Dispositions urgentes :

  • L’Etat d’urgence doit être levé au bout de 30 jours et les autorités doivent procéder à la mise en place d’une politique de protection du territoire national et de la population s’inscrivant dans une stratégie de sécurité nationale globale. Un plan gouvernemental de lutte contre le terrorisme associant l’Etat, les pouvoirs locaux et les citoyens est capital pour prévenir toute menace terroriste et assurer une protection permanente sur tout le territoire tunisien. Ce dispositif sécuritaire peut être soumis à des niveaux d’alertes au lieu de décréter l’Etat d’urgence et de toucher aux droits et libertés en violant ouvertement la constitution.
  • Le projet de loi relatif à la réconciliation économique et financière doit être abandonné. L’Instance constitutionnelle Vérité et Dignité doit être libre d’accomplir sa mission dans la  sérénité et le respect de la dignité des victimes. Toute tentative de l’exécutif de promotion d’une justice transitionnelle parallèle est un pas de plus vers l’institutionnalisation de l’impunité et de la corruption.
  • La commission de confiscation ne peut accomplir sa mission au profit du peuple Tunisien face à un exécutif non coopératif et disposant d’un agenda contraire au processus démocratique et accords internationaux.  Les membres écartés et connus par leur intégrité et leur détermination à mener leur mission à bien, doivent réintégrer leur poste de pilotage.
  • La HAICA et ses membres doivent assumer leur responsabilité et mener leur mission avec intégrité et courage dans la transparence la plus totale. Dans le cas contraire, les médias qui devaient accompagner les instances constitutionnelles (IVD, commission de confiscation, HAICA …) dans leur mission vont continuer à œuvrer pour le compte de leurs « créanciers » mettant en péril tout le processus démocratique en toute impunité.

 

Nous mettons en garde le pouvoir en place contre toute atteinte à la Constitution de la Tunisie.

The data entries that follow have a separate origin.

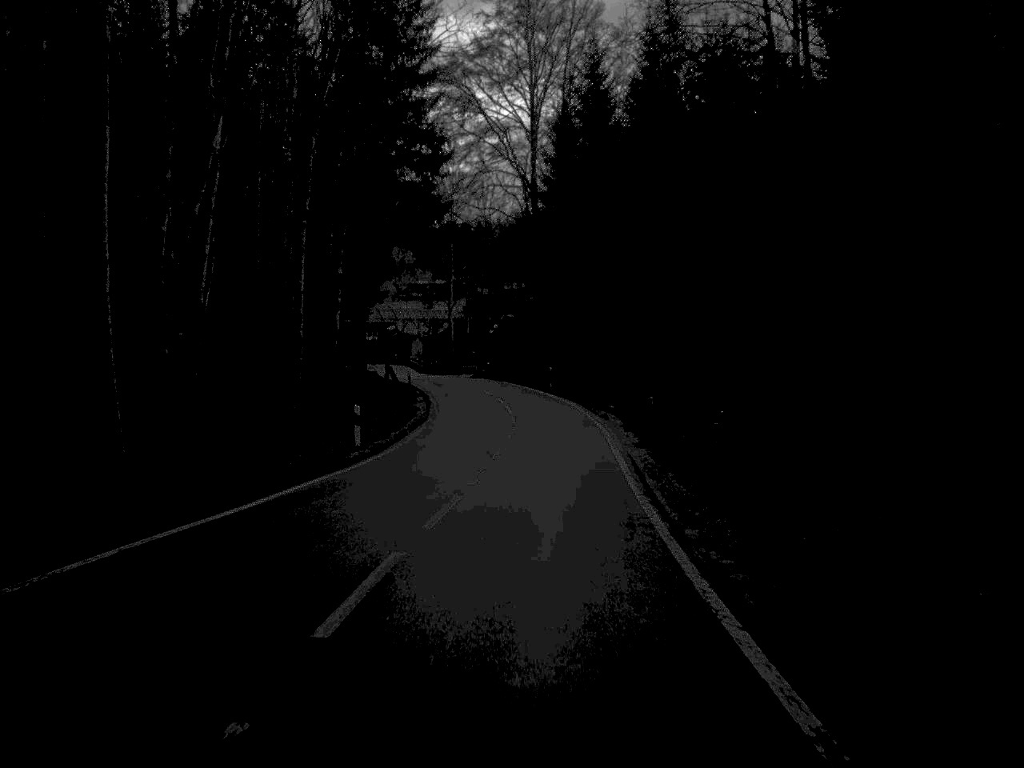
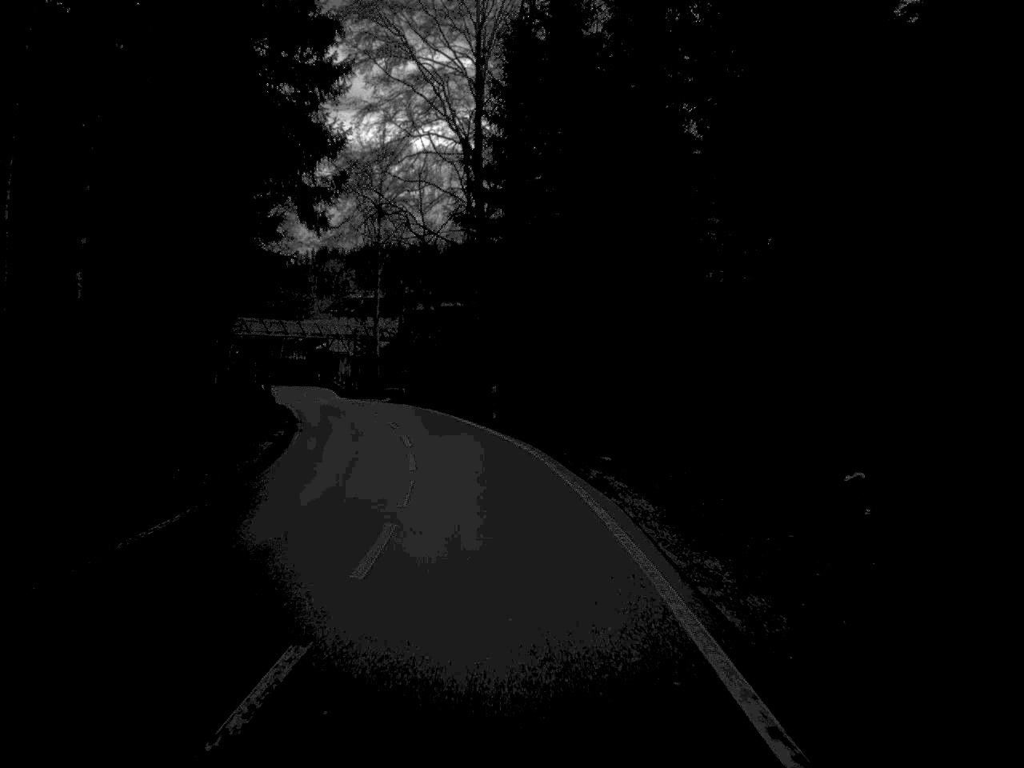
(+0.5, +21.7) m; +2°
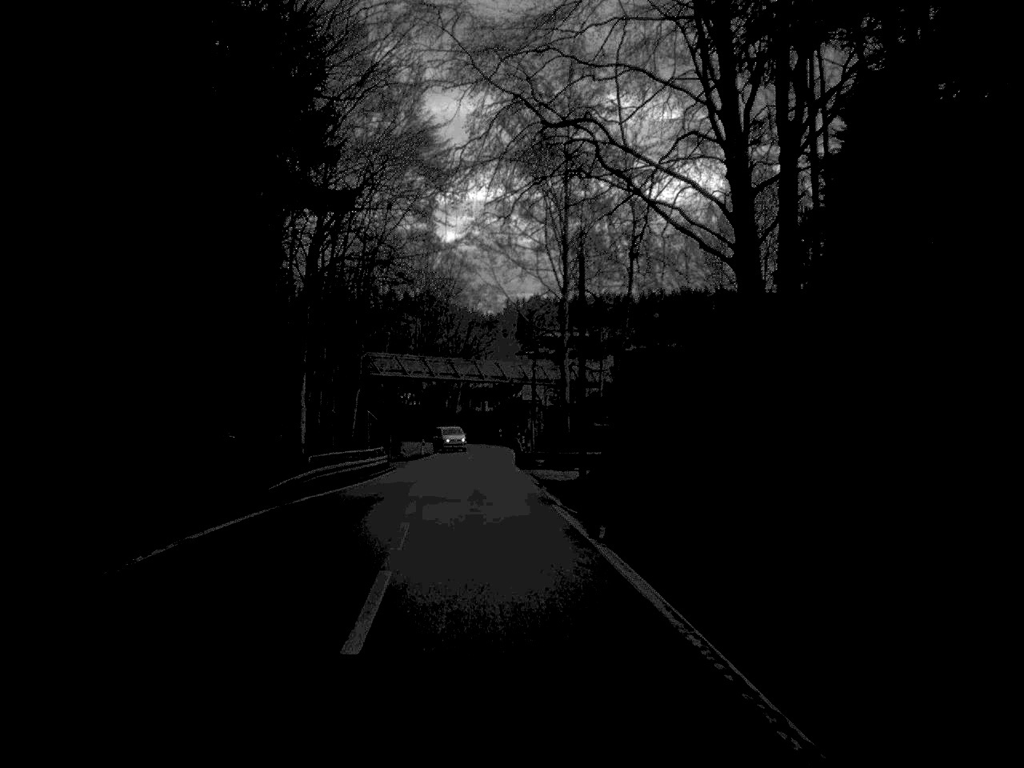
(-2.3, +33.4) m; -10°
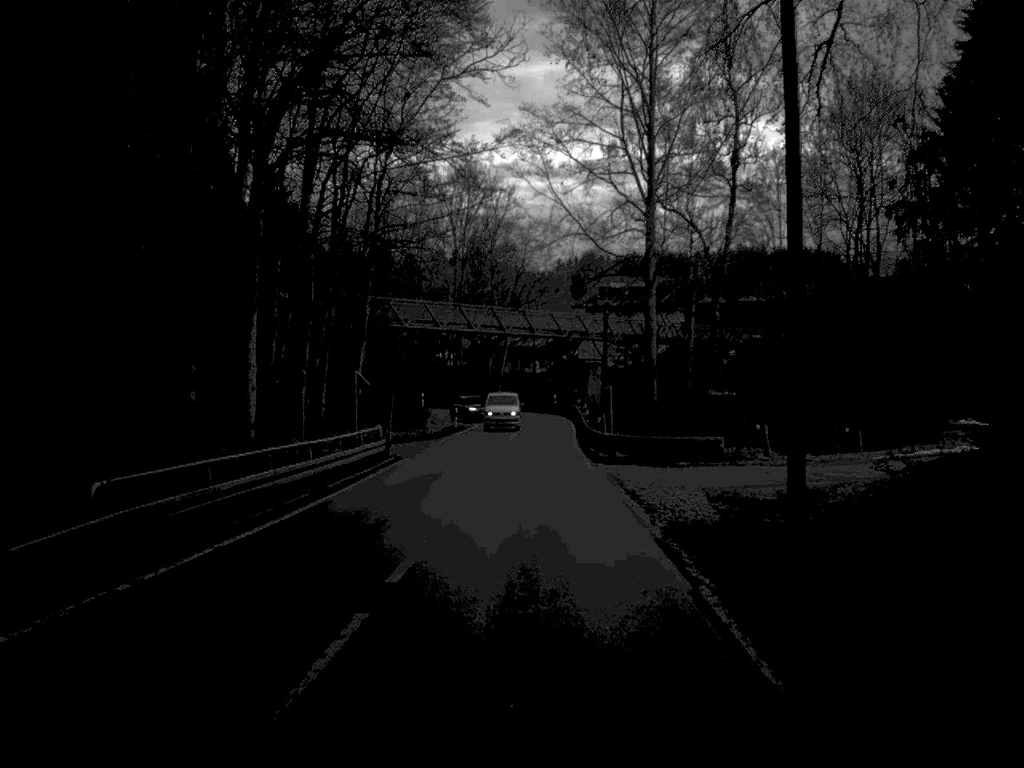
(-0.6, +20.4) m; -2°
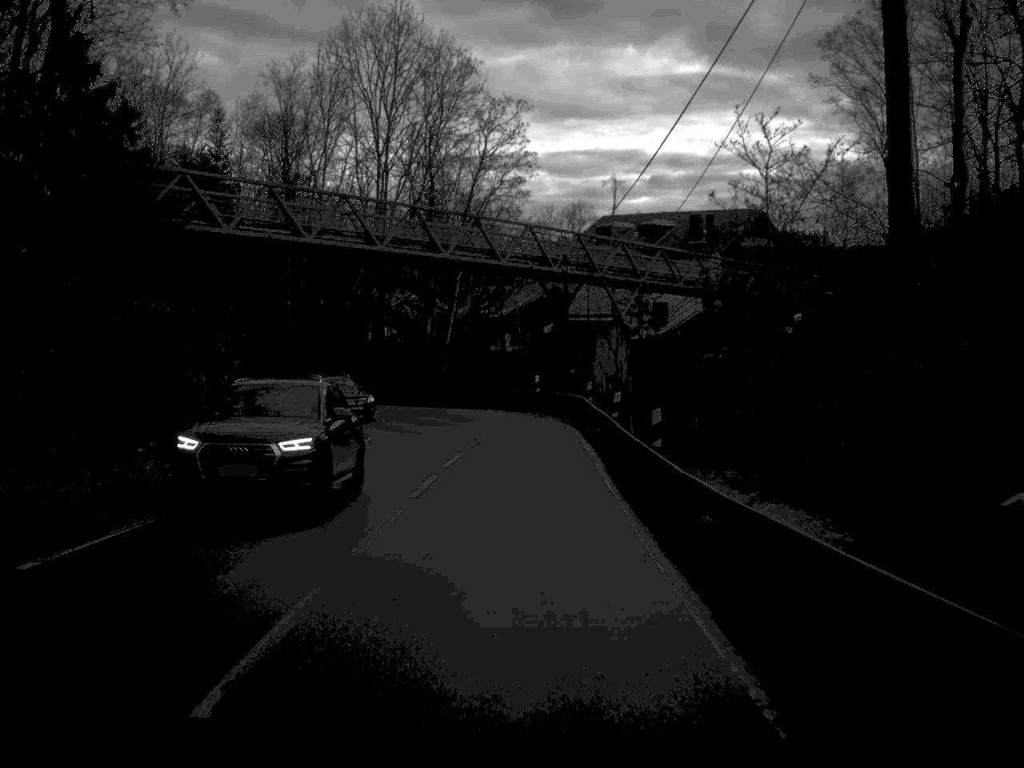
(+0.6, +41.8) m; +1°
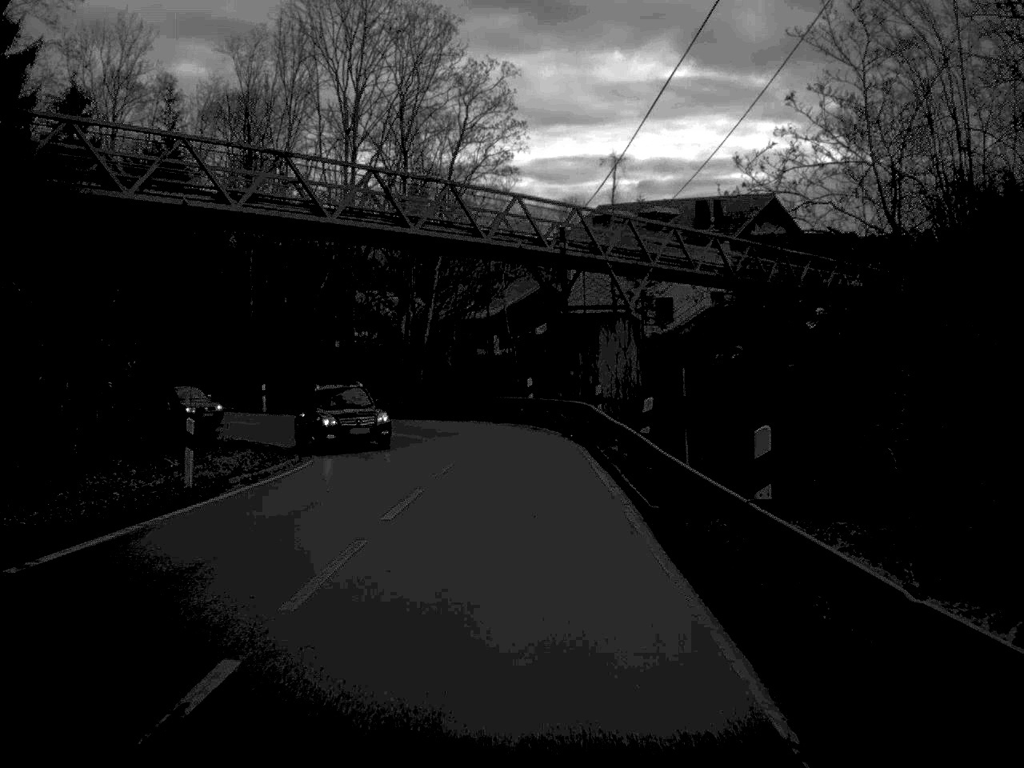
(0.0, +8.9) m; 0°
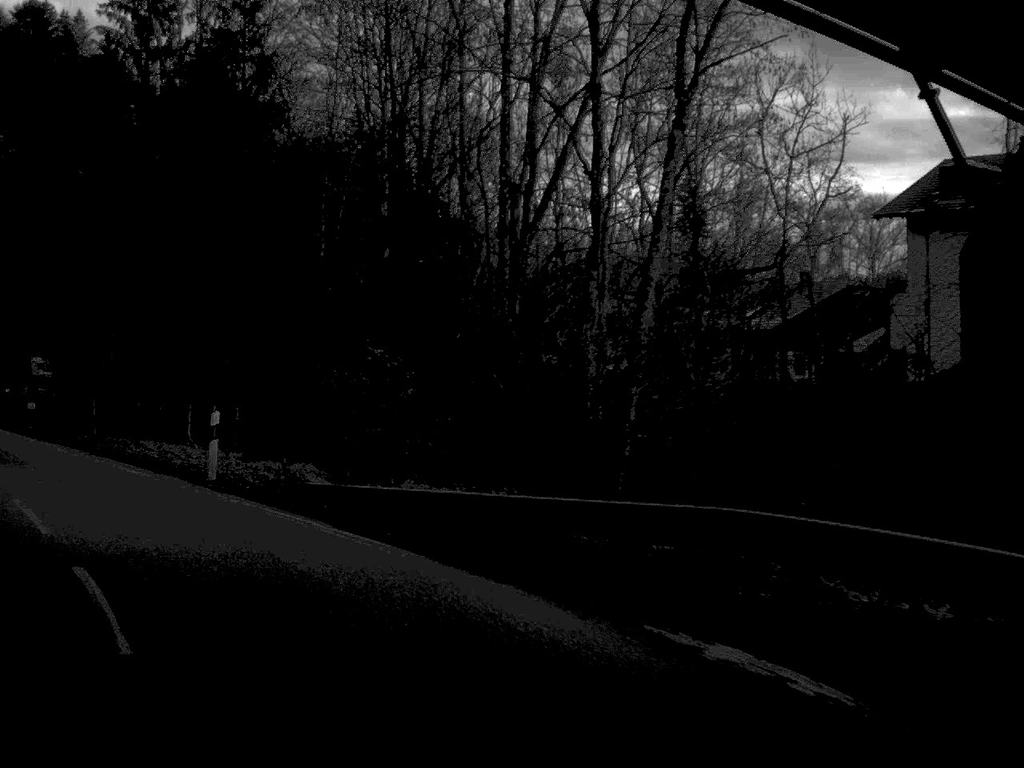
(-1.0, +31.5) m; -14°

  • Toute manœuvre anticonstitutionnelle de l’exécutif instaurant l’impunité est un appel à la violence et à l’embrasement dans un pays souffrant d’injustice sociale et de corruption.
  • La politique actuelle du pouvoir en place ne fait que renforcer la méfiance des citoyens à l’égard de l’Etat et de la classe politique en général.
  • Le terrorisme et les graves défaillances sécuritaires entre « Bardo » et « Sousse » ne peuvent pas être combattus avec de telles décisions inconséquentes sachant qu’aucun ministre n’a assumé sa responsabilité suite à ces attentats et qu’aucune motion de censure ne peut être présentée contre le gouvernement pendant la période de l’Etat d’urgence (article 80 de la constitution tunisienne).
  • Le Haut conseil de la magistrature doit être mis en œuvre rapidement conformément à la Constitution et au principe de la séparation des pouvoirs (La mise en place de la Cour Constitutionnelle est dépendante de ce dernier conseil).

 

Nous appelons les experts en droit constitutionnel qui ont assumé des responsabilités importantes après le 14 janvier 2011 et qui ont été très actifs entre 2011 et 2014 pendant les travaux de l’assemblée nationale constituante (ANC) à quitter leur silence face aux multiples violations de la constitution des Tunisien(ne)s.

Nous ferons porter la responsabilité, en cas d’échec du processus démocratique, à l’opposition tunisienne qui n’assume pas encore sa responsabilité dans l’instauration de l’Etat de droit en Tunisie.